## What is required
Entries follow. Give back exactly the lines starting at the one containing "Q3. Pull-direction query" and ending at the one containing "-38.44, 23.09 to 23.72 |", and no other lines.

Excerpts from a dataset
====
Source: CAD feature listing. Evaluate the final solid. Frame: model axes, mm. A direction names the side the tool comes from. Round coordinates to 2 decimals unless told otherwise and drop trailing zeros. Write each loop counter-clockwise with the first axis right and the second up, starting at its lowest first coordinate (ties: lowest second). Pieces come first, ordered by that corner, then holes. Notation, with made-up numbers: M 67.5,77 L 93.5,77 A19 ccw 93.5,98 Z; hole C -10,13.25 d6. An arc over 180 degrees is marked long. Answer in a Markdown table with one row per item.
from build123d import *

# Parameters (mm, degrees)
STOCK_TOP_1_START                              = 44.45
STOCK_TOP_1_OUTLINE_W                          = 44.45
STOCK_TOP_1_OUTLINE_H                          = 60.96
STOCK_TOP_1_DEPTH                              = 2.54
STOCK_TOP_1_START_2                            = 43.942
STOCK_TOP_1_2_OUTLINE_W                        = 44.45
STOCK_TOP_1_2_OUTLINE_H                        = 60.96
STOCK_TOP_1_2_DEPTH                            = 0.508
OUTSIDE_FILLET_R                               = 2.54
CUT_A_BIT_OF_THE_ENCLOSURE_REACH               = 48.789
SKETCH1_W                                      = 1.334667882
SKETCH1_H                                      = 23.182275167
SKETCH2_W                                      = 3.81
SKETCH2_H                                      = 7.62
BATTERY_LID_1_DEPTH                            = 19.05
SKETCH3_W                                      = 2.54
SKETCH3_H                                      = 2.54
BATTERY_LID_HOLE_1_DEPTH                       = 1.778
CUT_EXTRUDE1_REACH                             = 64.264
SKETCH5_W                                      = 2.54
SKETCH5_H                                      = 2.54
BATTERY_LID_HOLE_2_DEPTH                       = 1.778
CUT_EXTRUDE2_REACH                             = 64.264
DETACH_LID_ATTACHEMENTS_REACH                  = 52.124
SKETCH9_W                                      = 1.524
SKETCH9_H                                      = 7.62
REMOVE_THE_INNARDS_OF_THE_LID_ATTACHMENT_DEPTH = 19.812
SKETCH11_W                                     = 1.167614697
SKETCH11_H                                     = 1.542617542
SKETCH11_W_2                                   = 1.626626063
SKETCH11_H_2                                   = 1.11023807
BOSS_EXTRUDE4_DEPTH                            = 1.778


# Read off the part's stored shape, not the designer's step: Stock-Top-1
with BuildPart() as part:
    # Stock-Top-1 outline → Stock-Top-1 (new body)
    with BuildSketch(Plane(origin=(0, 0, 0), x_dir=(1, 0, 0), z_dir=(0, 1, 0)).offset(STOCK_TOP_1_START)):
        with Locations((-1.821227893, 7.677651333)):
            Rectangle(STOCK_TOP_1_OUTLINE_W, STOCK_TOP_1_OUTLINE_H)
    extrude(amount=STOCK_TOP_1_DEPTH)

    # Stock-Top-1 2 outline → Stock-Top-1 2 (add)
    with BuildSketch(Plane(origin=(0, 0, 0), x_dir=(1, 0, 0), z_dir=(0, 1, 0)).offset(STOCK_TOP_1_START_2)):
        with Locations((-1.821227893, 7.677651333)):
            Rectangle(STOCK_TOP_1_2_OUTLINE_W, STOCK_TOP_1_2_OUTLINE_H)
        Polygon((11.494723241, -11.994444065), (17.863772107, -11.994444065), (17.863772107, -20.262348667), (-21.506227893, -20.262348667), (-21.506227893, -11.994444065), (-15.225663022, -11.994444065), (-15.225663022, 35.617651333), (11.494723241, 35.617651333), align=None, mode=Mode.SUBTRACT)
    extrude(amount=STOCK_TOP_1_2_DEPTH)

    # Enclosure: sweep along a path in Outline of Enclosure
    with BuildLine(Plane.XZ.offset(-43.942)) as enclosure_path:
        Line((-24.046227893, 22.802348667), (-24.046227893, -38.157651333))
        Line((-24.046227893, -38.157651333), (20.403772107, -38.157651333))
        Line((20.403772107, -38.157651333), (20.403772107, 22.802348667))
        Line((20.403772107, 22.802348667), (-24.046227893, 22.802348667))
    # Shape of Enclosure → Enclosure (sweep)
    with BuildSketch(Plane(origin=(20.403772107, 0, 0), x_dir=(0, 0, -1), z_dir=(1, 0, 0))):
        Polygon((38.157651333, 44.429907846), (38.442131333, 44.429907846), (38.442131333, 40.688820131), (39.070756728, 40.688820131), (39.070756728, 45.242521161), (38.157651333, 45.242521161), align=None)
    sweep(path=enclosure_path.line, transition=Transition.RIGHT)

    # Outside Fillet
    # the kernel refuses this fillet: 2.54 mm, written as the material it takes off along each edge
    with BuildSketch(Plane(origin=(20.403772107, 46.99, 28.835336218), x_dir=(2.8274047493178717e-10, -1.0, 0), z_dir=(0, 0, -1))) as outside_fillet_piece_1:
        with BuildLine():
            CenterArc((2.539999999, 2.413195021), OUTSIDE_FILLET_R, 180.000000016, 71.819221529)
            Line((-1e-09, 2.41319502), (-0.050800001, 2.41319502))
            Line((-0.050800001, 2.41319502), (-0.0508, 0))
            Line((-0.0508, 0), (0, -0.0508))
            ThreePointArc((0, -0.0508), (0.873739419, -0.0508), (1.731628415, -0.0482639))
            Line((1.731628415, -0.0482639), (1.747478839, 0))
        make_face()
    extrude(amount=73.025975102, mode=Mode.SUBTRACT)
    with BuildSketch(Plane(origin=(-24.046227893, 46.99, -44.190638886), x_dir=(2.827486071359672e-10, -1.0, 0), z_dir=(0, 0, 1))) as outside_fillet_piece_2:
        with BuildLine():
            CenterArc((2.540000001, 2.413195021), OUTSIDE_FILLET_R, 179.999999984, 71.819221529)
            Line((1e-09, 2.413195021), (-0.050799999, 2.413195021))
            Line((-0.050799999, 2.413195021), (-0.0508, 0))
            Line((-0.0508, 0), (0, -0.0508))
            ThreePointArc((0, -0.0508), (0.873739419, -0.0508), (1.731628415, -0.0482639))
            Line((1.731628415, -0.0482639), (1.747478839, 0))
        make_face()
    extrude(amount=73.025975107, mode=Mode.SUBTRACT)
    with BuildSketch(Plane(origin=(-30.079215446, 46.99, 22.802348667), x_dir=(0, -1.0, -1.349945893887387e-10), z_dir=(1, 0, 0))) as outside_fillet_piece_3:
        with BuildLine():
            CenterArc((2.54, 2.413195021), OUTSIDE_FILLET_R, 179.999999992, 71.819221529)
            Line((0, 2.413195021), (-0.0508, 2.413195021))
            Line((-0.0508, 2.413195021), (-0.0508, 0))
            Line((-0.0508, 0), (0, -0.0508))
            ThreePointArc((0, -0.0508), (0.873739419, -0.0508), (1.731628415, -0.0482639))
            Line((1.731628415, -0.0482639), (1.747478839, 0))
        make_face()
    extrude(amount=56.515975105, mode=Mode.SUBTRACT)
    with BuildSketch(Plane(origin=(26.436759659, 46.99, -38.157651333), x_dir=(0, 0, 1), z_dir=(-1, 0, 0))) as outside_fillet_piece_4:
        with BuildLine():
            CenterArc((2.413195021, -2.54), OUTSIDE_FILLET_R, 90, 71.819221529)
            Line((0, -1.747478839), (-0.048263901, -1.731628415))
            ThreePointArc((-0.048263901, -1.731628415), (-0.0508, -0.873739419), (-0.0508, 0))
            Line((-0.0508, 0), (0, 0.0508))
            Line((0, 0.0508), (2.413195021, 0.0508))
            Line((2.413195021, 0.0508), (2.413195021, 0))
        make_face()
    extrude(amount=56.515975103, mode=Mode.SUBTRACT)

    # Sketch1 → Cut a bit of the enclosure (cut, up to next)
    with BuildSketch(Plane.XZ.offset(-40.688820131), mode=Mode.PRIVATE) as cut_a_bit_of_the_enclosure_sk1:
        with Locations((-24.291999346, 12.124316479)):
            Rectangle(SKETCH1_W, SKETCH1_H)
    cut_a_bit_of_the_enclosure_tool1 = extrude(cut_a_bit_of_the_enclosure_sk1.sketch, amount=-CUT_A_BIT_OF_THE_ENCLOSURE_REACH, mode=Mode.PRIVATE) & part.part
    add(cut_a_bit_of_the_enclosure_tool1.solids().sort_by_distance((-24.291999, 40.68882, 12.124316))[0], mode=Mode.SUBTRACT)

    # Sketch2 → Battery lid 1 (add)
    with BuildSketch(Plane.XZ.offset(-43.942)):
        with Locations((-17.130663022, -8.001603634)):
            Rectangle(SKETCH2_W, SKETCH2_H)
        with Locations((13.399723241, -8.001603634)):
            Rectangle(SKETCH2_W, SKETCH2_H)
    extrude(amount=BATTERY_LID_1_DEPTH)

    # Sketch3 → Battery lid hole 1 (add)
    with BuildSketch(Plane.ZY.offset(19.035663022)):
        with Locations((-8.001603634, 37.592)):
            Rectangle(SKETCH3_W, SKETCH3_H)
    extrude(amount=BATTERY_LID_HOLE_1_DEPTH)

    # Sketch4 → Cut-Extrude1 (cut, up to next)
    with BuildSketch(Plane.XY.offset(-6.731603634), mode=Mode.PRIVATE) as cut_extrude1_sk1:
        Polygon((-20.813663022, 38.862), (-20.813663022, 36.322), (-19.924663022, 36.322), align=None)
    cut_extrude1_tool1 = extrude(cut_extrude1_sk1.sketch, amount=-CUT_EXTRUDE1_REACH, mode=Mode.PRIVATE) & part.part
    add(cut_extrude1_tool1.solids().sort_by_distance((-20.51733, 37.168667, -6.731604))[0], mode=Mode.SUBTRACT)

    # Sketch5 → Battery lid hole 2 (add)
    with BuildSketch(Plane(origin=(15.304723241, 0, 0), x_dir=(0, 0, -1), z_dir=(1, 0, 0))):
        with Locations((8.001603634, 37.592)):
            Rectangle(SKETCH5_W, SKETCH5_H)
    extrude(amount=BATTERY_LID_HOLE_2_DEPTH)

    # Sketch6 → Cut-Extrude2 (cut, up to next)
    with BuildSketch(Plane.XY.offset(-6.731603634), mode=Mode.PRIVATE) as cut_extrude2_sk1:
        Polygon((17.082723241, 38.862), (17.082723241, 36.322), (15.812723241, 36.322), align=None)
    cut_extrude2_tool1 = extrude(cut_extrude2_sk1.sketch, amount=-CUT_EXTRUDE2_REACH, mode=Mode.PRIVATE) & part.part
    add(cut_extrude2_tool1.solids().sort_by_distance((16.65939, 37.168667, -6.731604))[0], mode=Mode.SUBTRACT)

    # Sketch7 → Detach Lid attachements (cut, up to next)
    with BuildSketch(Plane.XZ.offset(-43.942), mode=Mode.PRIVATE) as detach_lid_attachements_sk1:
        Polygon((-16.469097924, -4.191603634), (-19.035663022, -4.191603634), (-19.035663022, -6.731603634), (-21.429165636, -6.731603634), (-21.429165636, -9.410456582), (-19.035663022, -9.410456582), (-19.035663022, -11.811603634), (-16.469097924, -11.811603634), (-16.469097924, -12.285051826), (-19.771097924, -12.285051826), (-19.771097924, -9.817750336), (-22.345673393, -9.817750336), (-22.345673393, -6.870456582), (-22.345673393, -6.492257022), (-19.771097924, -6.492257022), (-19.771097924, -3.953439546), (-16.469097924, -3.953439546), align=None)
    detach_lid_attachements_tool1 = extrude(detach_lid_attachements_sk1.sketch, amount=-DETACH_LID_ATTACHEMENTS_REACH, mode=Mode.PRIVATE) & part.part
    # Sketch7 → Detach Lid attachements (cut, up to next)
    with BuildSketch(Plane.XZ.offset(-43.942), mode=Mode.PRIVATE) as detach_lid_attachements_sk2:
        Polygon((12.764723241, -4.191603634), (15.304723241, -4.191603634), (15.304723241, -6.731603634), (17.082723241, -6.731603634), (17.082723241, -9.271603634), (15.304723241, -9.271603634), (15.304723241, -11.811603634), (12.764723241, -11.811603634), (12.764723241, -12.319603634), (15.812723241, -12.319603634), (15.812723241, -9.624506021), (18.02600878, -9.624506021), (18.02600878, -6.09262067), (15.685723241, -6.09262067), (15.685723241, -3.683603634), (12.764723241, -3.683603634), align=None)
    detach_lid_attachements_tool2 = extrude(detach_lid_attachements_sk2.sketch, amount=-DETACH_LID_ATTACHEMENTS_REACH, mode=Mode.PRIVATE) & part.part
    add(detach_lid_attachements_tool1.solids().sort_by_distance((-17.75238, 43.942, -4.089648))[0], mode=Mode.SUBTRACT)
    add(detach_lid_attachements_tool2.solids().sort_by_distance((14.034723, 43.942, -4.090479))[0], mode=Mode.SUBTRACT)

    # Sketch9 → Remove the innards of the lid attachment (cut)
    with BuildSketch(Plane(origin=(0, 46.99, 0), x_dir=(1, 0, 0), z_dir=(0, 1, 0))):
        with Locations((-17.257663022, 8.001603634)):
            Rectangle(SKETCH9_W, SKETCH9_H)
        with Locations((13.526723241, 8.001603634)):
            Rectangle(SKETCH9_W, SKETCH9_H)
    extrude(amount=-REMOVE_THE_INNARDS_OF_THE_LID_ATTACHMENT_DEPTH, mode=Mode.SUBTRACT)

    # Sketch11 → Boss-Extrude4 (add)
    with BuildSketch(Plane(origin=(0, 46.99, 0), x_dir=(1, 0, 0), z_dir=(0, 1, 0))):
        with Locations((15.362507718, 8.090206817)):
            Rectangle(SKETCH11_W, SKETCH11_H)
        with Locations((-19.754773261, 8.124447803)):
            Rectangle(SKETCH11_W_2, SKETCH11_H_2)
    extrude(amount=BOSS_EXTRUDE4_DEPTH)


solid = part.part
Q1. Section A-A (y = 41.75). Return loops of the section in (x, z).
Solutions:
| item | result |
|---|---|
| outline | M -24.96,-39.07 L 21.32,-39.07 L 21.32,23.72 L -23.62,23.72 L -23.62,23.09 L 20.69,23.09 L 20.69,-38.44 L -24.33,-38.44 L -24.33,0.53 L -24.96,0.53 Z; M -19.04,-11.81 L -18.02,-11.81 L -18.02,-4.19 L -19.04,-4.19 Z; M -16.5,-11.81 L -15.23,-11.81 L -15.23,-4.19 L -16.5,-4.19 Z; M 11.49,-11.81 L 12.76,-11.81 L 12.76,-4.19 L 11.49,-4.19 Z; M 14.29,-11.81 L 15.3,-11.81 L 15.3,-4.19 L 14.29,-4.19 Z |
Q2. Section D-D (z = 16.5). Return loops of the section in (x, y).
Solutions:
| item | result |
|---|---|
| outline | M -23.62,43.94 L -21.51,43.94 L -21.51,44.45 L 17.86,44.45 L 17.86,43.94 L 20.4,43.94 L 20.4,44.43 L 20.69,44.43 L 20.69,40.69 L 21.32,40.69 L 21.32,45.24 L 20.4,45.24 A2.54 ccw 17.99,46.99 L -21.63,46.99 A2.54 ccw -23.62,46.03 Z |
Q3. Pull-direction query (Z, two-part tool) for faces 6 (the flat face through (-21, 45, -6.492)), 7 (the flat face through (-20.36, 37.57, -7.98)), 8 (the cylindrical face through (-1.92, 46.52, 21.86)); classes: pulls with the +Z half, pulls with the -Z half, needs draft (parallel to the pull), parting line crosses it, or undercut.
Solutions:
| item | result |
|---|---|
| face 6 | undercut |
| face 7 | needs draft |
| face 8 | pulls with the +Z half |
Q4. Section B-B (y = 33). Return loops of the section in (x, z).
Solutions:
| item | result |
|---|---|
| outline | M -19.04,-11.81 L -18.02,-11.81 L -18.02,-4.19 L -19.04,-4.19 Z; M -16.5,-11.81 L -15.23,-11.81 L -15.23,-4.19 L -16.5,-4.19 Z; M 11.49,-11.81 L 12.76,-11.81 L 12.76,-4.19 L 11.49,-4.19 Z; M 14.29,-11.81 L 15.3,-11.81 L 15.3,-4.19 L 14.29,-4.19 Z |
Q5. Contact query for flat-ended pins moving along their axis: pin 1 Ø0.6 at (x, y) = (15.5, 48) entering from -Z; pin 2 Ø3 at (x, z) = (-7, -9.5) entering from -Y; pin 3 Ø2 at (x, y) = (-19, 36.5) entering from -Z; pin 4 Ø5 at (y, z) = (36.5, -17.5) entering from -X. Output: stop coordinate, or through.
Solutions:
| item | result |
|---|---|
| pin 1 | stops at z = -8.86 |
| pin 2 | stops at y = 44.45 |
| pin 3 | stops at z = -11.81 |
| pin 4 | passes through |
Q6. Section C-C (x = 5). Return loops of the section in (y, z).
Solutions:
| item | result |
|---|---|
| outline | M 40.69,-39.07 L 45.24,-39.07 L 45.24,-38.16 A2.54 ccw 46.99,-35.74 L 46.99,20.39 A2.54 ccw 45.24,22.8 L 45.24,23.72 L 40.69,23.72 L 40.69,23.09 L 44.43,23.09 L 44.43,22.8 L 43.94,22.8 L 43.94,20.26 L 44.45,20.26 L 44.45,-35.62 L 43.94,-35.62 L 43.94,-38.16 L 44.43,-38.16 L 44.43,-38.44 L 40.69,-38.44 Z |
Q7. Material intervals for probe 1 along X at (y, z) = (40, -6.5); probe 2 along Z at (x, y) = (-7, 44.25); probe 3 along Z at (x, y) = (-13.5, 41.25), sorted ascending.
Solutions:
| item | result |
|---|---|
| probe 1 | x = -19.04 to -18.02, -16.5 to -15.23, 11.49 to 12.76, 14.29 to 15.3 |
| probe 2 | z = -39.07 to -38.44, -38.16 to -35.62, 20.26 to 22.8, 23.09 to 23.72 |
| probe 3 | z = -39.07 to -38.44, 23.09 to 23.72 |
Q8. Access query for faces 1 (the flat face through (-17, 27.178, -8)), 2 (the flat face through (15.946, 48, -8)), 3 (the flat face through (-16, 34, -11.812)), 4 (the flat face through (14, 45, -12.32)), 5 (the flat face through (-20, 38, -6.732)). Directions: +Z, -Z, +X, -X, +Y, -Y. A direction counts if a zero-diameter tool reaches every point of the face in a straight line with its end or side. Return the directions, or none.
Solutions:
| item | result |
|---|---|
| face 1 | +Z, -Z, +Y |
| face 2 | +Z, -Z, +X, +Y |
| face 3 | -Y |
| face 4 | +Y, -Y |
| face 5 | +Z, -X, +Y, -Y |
====
## Answer to the exercise
Q3. Pull-direction query (Z, two-part tool) for faces 6 (the flat face through (-21, 45, -6.492)), 7 (the flat face through (-20.36, 37.57, -7.98)), 8 (the cylindrical face through (-1.92, 46.52, 21.86)); classes: pulls with the +Z half, pulls with the -Z half, needs draft (parallel to the pull), parting line crosses it, or undercut.
Solutions:
| item | result |
|---|---|
| face 6 | undercut |
| face 7 | needs draft |
| face 8 | pulls with the +Z half |
Q4. Section B-B (y = 33). Return loops of the section in (x, z).
Solutions:
| item | result |
|---|---|
| outline | M -19.04,-11.81 L -18.02,-11.81 L -18.02,-4.19 L -19.04,-4.19 Z; M -16.5,-11.81 L -15.23,-11.81 L -15.23,-4.19 L -16.5,-4.19 Z; M 11.49,-11.81 L 12.76,-11.81 L 12.76,-4.19 L 11.49,-4.19 Z; M 14.29,-11.81 L 15.3,-11.81 L 15.3,-4.19 L 14.29,-4.19 Z |
Q5. Contact query for flat-ended pins moving along their axis: pin 1 Ø0.6 at (x, y) = (15.5, 48) entering from -Z; pin 2 Ø3 at (x, z) = (-7, -9.5) entering from -Y; pin 3 Ø2 at (x, y) = (-19, 36.5) entering from -Z; pin 4 Ø5 at (y, z) = (36.5, -17.5) entering from -X. Output: stop coordinate, or through.
Solutions:
| item | result |
|---|---|
| pin 1 | stops at z = -8.86 |
| pin 2 | stops at y = 44.45 |
| pin 3 | stops at z = -11.81 |
| pin 4 | passes through |
Q6. Section C-C (x = 5). Return loops of the section in (y, z).
Solutions:
| item | result |
|---|---|
| outline | M 40.69,-39.07 L 45.24,-39.07 L 45.24,-38.16 A2.54 ccw 46.99,-35.74 L 46.99,20.39 A2.54 ccw 45.24,22.8 L 45.24,23.72 L 40.69,23.72 L 40.69,23.09 L 44.43,23.09 L 44.43,22.8 L 43.94,22.8 L 43.94,20.26 L 44.45,20.26 L 44.45,-35.62 L 43.94,-35.62 L 43.94,-38.16 L 44.43,-38.16 L 44.43,-38.44 L 40.69,-38.44 Z |
Q7. Material intervals for probe 1 along X at (y, z) = (40, -6.5); probe 2 along Z at (x, y) = (-7, 44.25); probe 3 along Z at (x, y) = (-13.5, 41.25), sorted ascending.
Solutions:
| item | result |
|---|---|
| probe 1 | x = -19.04 to -18.02, -16.5 to -15.23, 11.49 to 12.76, 14.29 to 15.3 |
| probe 2 | z = -39.07 to -38.44, -38.16 to -35.62, 20.26 to 22.8, 23.09 to 23.72 |
| probe 3 | z = -39.07 to -38.44, 23.09 to 23.72 |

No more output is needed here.